Task prompt – Show, in full, each line of the data that contains "pixels".
□ □ □ □
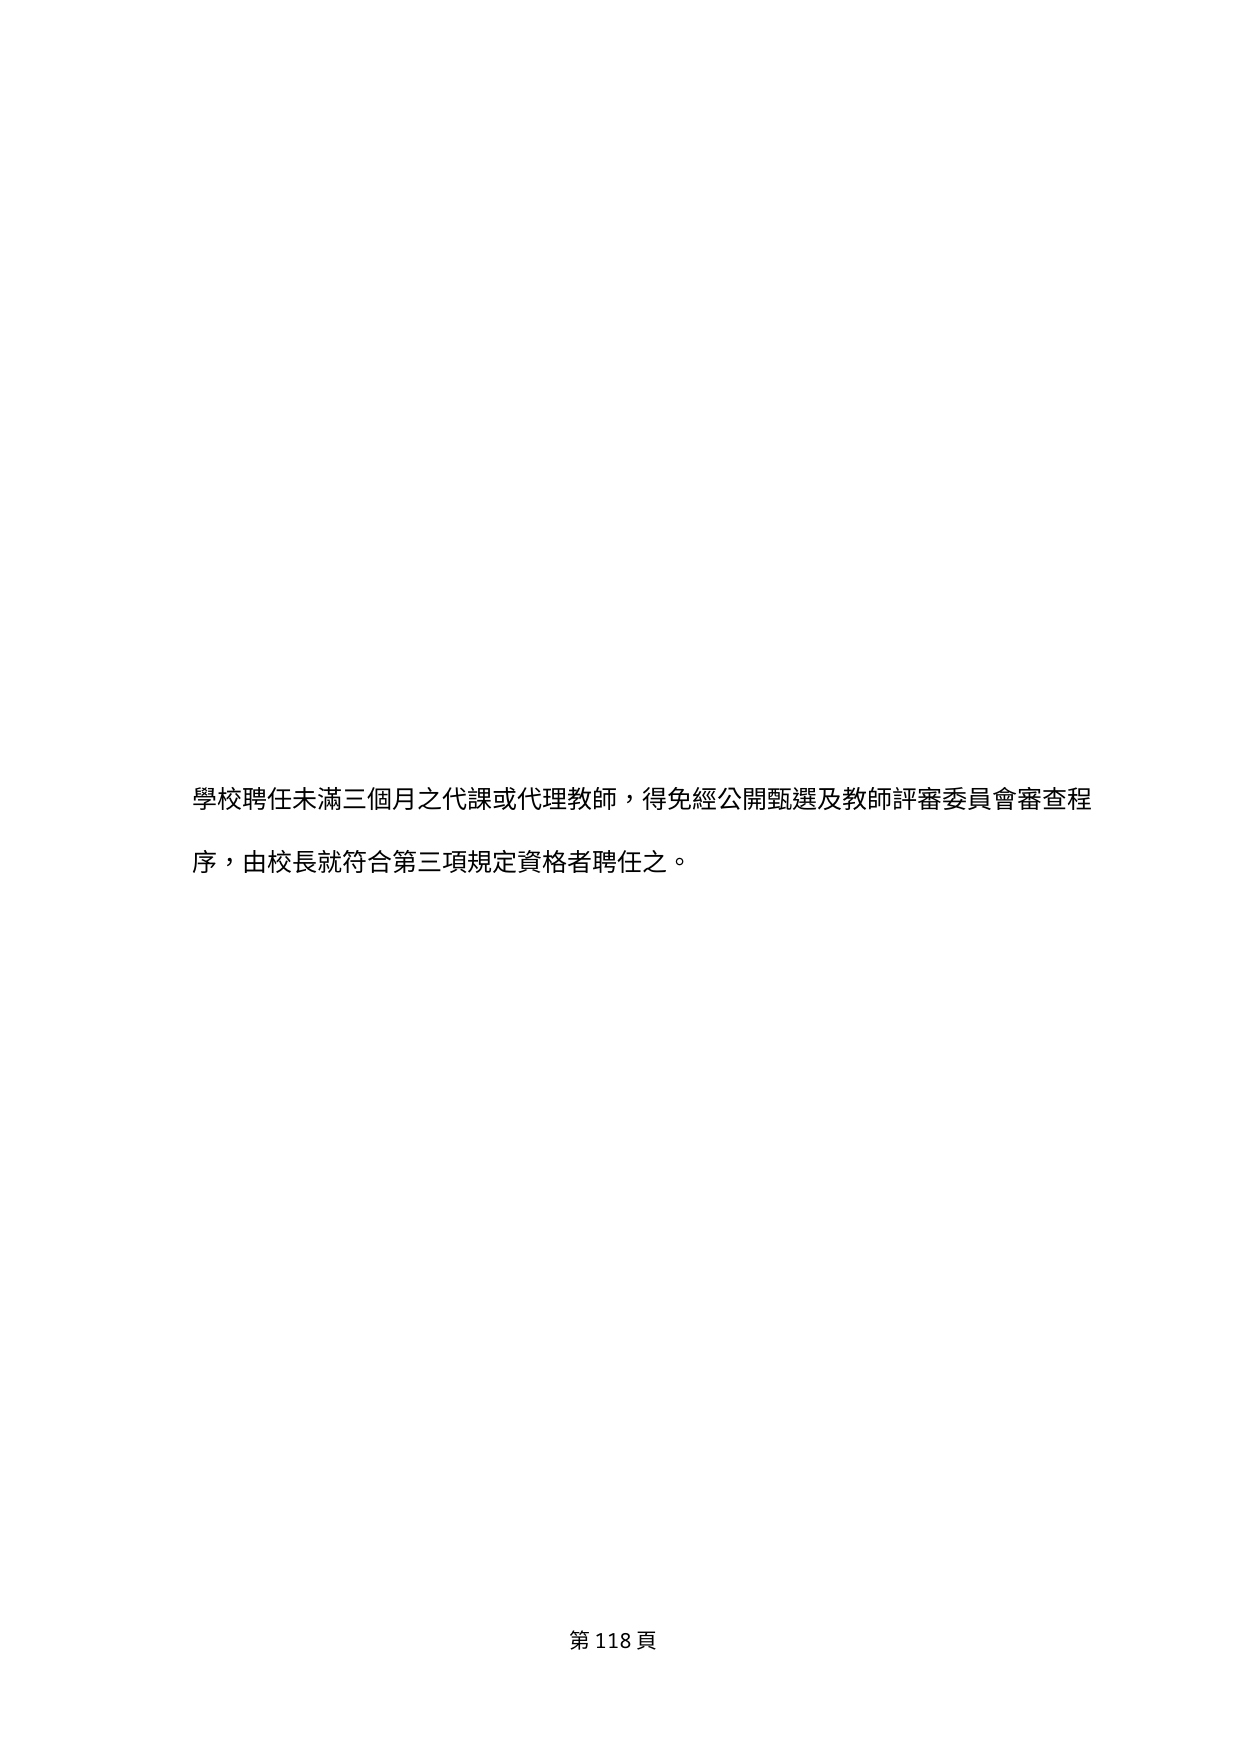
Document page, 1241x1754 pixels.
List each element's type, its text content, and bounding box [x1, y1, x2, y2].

text 學校聘任未滿三個月之代課或代理教師，得免經公開甄選及教師評審委員會審查程序，由校長就符合第三項規定資格者聘任之。 [192, 756, 1107, 881]
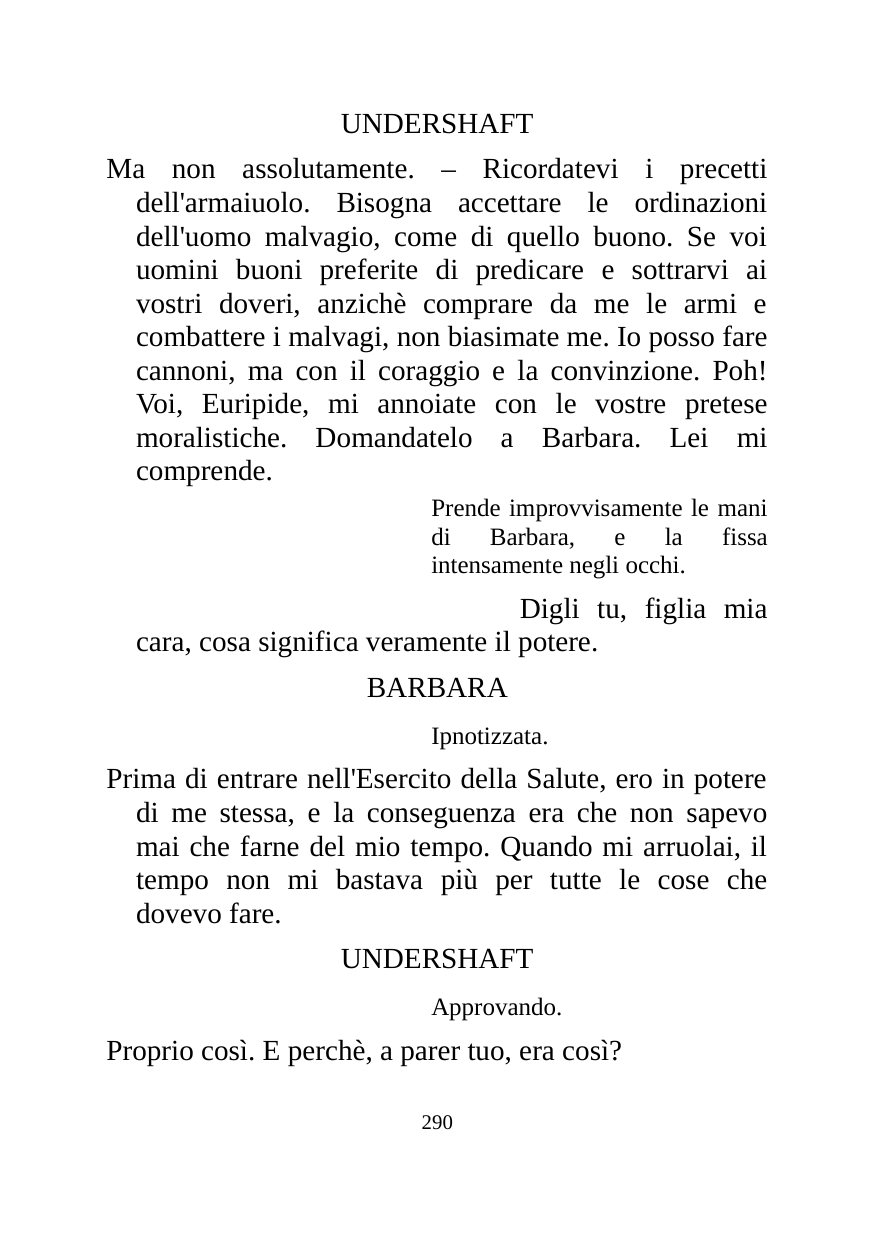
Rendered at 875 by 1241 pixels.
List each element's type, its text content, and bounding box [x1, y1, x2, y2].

text UNDERSHAFT [106, 106, 768, 140]
text Ipnotizzata. [431, 721, 768, 750]
text Prima di entrare nell'Esercito della Salute, ero in potere di me stessa, e la conseguenza era che non sapevo mai che farne del mio tempo. Quando mi arruolai, il tempo non mi bastava più per tutte le cose che dovevo fare. [106, 762, 768, 929]
text UNDERSHAFT [106, 941, 768, 974]
text Approvando. [431, 992, 768, 1021]
text Prende improvvisamente le mani di Barbara, e la fissa intensamente negli occhi. [431, 493, 768, 579]
text Proprio così. E perchè, a parer tuo, era così? [106, 1033, 768, 1066]
text BARBARA [106, 670, 768, 703]
text Digli tu, figlia mia cara, cosa significa veramente il potere. [136, 591, 768, 658]
text Ma non assolutamente. – Ricordatevi i precetti dell'armaiuolo. Bisogna accettare le ordinazioni dell'uomo malvagio, come di quello buono. Se voi uomini buoni preferite di predicare e sottrarvi ai vostri doveri, anzichè comprare da me le armi e combattere i malvagi, non biasimate me. Io posso fare cannoni, ma con il coraggio e la convinzione. Poh! Voi, Euripide, mi annoiate con le vostre pretese moralistiche. Domandatelo a Barbara. Lei mi comprende. [106, 152, 768, 487]
□ □ □ □
Written response –
Document page, 1241x1754 pixels.
Rendered at 875 by 1241 pixels.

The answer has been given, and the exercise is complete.